Beneath this instruction is a listing; print exactly the lines in it starting at the line that contains "14. plastic bottle [1211, 596, 1286, 738]" and going through the line that contains "26. plastic bottle [1145, 553, 1221, 737]".

-- Exercise input follows --

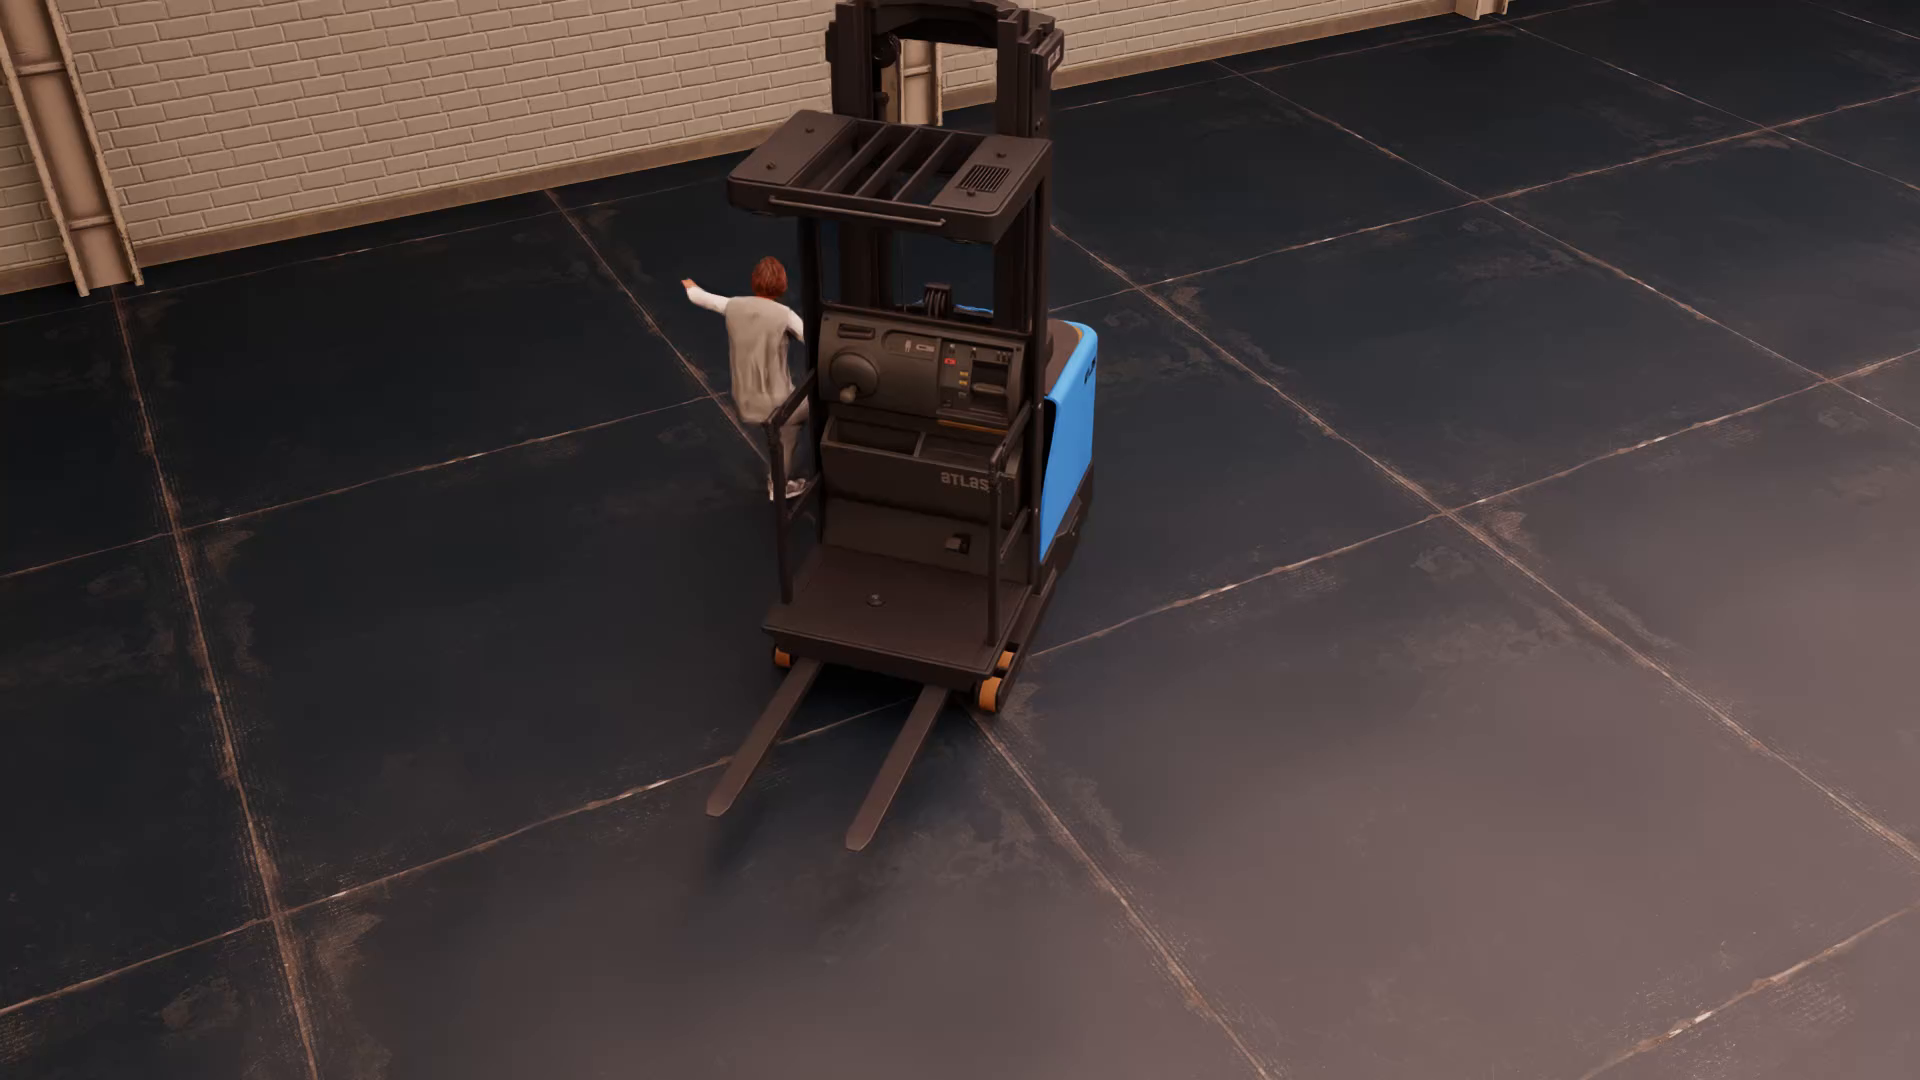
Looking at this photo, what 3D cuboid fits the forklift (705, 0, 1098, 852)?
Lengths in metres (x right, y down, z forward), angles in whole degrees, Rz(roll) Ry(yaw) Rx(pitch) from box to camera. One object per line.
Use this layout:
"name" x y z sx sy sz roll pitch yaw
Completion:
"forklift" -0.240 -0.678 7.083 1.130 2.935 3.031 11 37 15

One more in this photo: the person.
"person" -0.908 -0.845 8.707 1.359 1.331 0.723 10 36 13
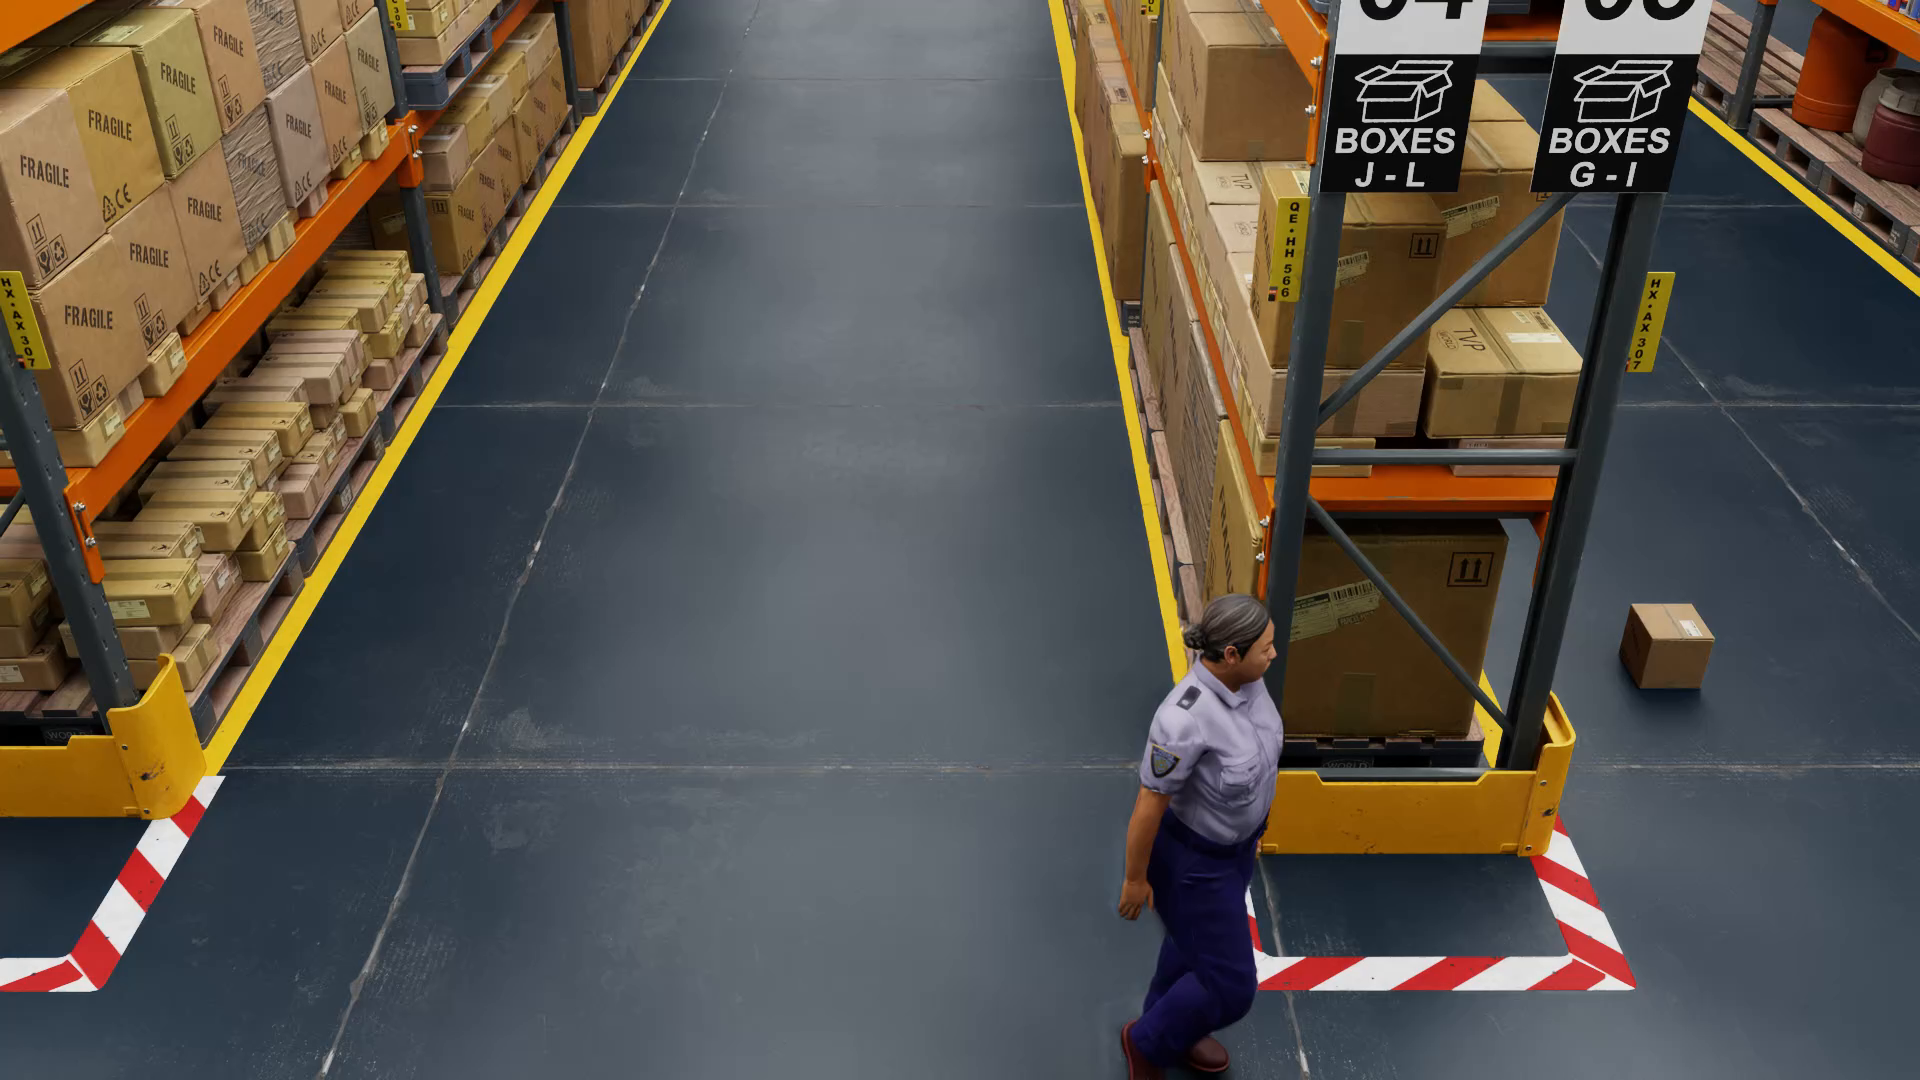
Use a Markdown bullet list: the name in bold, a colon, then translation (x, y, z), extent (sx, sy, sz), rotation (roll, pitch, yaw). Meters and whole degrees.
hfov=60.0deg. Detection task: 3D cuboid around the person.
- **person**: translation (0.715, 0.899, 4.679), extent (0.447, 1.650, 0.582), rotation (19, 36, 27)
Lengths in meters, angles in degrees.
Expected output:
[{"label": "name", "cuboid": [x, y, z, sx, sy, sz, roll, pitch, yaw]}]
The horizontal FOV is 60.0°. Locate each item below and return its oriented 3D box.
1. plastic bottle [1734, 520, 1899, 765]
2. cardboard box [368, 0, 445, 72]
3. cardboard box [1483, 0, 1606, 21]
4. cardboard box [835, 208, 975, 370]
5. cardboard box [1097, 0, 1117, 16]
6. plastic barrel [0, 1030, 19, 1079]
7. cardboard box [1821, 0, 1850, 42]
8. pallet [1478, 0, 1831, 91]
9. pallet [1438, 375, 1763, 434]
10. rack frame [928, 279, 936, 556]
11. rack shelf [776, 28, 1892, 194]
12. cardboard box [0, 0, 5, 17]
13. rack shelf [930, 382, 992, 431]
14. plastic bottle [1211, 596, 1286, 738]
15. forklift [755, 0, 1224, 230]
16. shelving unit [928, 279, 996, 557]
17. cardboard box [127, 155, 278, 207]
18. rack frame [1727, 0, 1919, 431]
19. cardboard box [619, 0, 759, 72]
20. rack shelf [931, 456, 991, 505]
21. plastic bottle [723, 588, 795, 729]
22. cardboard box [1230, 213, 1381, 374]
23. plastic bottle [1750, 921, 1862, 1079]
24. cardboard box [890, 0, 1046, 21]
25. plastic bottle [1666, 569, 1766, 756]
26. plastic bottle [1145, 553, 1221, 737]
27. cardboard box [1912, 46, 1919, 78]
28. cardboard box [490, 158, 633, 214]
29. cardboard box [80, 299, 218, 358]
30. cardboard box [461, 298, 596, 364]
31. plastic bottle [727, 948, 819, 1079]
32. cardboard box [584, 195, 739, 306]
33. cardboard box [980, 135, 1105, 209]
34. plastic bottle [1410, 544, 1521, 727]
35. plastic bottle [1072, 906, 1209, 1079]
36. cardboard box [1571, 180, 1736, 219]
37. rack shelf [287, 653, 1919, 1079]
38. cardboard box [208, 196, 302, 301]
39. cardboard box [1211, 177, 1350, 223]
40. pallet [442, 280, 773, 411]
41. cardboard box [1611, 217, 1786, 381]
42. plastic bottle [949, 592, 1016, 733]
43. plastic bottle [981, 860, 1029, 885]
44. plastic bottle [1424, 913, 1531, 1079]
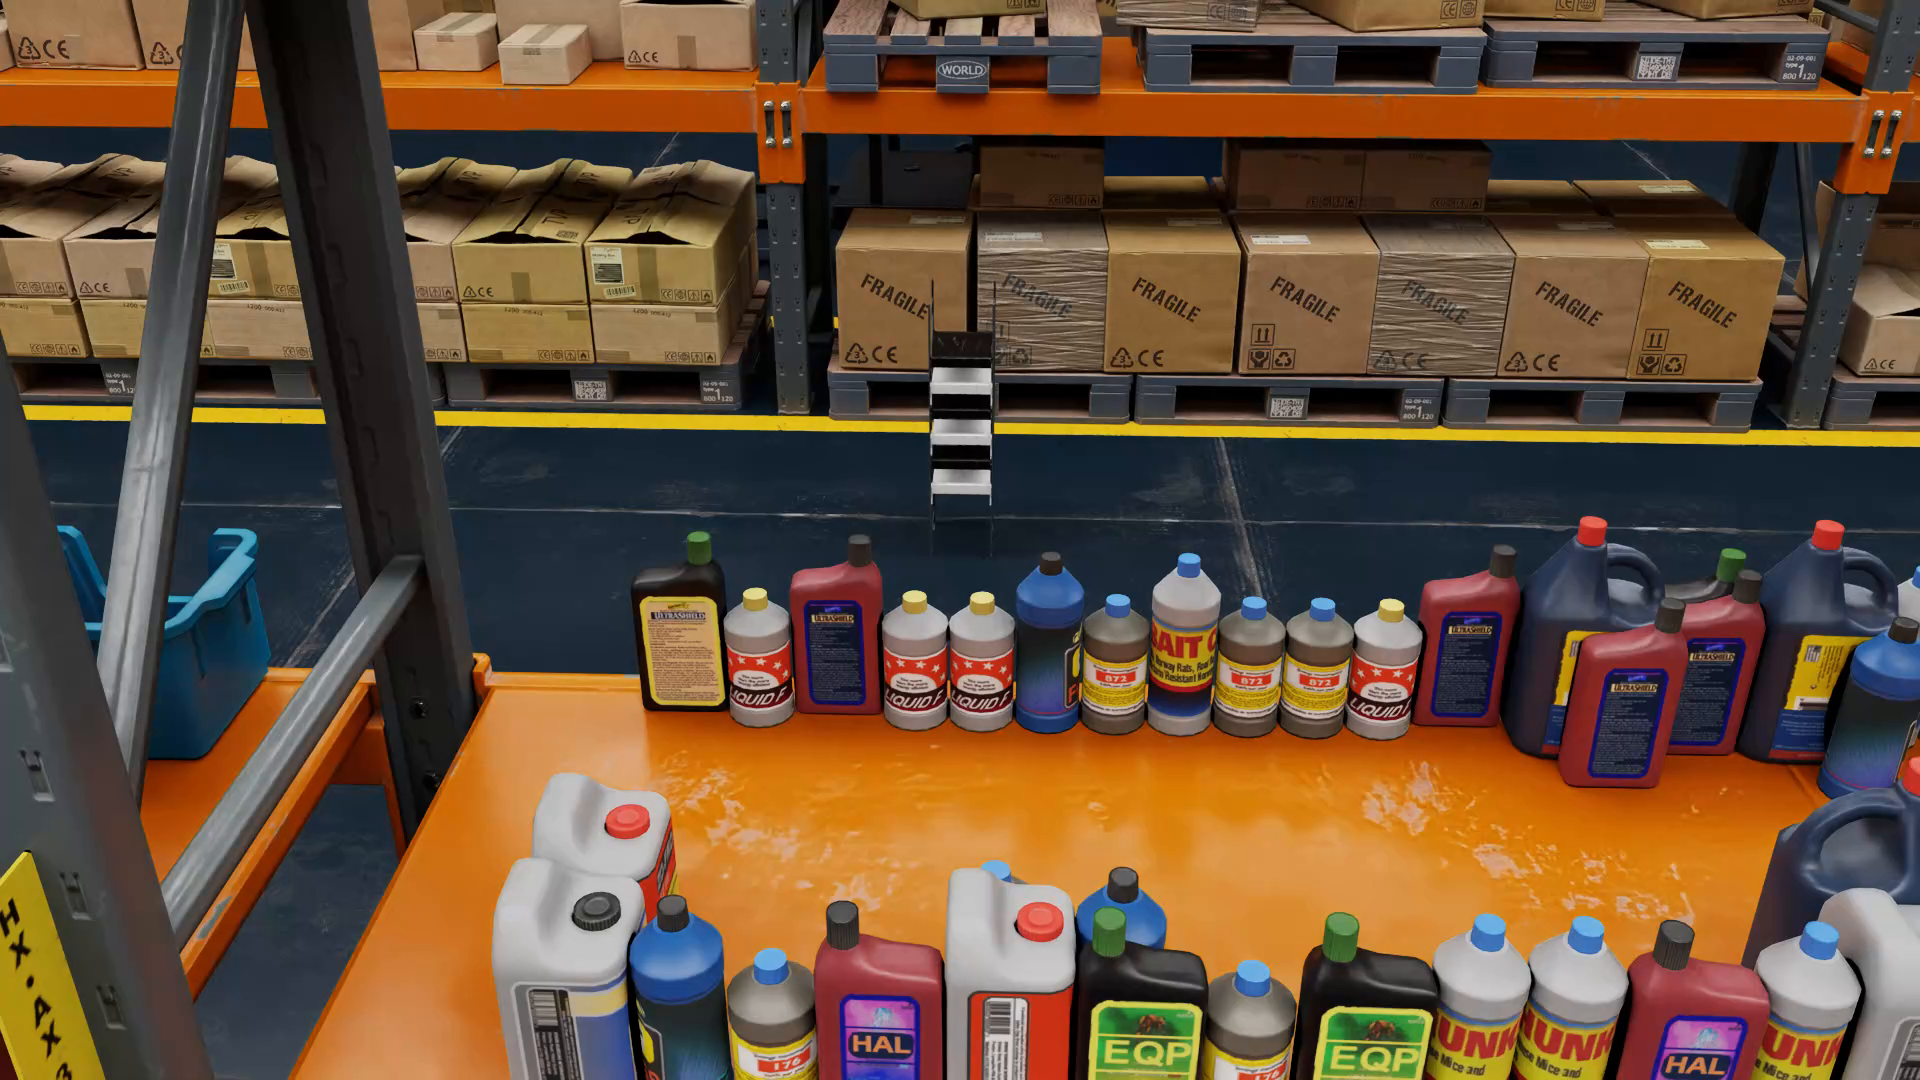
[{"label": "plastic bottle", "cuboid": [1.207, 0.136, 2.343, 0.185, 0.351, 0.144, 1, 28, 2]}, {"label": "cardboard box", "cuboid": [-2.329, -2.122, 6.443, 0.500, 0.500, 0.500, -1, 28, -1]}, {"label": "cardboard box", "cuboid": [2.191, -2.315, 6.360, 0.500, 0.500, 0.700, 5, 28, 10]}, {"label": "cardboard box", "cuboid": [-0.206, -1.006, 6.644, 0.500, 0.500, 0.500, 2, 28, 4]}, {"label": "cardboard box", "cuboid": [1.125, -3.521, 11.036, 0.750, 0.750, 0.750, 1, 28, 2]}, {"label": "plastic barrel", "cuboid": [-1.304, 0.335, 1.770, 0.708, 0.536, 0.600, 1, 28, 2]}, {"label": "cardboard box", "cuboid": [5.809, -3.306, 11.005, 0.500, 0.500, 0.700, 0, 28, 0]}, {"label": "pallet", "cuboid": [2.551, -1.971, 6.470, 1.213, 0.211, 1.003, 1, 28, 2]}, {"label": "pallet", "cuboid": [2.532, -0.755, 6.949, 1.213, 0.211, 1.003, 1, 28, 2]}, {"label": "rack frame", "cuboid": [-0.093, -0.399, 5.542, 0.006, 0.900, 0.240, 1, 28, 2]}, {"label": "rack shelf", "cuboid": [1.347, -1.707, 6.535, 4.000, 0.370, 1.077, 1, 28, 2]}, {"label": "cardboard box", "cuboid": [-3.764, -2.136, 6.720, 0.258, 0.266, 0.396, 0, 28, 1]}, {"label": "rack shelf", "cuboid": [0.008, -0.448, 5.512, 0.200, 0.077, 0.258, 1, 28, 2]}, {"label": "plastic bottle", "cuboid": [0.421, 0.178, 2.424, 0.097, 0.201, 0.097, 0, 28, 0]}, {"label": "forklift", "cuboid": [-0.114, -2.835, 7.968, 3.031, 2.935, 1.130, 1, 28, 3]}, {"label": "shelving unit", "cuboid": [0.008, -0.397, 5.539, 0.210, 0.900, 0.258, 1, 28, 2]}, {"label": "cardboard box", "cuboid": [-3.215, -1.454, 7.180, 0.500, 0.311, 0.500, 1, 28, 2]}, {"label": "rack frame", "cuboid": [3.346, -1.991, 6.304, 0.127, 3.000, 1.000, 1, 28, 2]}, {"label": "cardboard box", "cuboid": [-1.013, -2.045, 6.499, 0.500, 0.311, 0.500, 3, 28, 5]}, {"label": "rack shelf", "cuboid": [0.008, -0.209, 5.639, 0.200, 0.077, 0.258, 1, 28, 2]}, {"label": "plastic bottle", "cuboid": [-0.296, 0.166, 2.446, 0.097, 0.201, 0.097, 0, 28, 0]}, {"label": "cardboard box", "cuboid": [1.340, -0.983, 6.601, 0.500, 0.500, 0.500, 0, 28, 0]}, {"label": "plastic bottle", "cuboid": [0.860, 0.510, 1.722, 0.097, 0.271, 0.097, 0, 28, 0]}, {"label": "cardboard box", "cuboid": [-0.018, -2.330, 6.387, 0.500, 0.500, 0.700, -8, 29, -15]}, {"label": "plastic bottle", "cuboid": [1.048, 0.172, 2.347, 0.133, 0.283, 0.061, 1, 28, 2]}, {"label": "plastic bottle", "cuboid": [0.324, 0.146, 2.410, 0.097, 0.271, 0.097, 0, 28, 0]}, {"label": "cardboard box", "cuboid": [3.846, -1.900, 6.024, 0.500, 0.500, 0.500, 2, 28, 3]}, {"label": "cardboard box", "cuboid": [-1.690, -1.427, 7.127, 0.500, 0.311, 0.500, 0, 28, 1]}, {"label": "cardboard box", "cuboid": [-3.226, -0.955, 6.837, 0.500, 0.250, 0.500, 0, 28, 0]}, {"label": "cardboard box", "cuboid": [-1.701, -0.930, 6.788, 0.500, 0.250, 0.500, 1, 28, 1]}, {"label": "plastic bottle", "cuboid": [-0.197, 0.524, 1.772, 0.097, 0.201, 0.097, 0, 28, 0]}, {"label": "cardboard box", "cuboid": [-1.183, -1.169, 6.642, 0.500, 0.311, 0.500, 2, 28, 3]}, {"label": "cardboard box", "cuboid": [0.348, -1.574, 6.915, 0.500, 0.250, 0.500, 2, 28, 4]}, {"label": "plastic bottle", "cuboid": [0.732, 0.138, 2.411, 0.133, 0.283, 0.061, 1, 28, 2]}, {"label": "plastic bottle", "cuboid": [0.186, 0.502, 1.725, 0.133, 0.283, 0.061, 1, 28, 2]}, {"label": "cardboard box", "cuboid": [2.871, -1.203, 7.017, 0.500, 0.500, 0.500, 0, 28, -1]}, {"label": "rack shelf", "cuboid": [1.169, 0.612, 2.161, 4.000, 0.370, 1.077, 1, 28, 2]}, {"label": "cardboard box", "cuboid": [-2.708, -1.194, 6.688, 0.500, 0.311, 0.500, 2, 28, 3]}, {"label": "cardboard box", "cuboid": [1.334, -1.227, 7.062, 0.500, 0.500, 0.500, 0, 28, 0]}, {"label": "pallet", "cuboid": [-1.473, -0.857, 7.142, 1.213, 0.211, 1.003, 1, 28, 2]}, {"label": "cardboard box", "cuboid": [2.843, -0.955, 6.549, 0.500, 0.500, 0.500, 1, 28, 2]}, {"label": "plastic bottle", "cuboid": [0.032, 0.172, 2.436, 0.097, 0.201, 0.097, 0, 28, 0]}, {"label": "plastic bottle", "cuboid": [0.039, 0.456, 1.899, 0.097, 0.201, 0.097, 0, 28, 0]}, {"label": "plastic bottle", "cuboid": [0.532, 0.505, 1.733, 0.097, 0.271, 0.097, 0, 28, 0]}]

-- Exercise input concluded --

- **Task output**:
14. plastic bottle [1211, 596, 1286, 738]
15. forklift [755, 0, 1224, 230]
16. shelving unit [928, 279, 996, 557]
17. cardboard box [127, 155, 278, 207]
18. rack frame [1727, 0, 1919, 431]
19. cardboard box [619, 0, 759, 72]
20. rack shelf [931, 456, 991, 505]
21. plastic bottle [723, 588, 795, 729]
22. cardboard box [1230, 213, 1381, 374]
23. plastic bottle [1750, 921, 1862, 1079]
24. cardboard box [890, 0, 1046, 21]
25. plastic bottle [1666, 569, 1766, 756]
26. plastic bottle [1145, 553, 1221, 737]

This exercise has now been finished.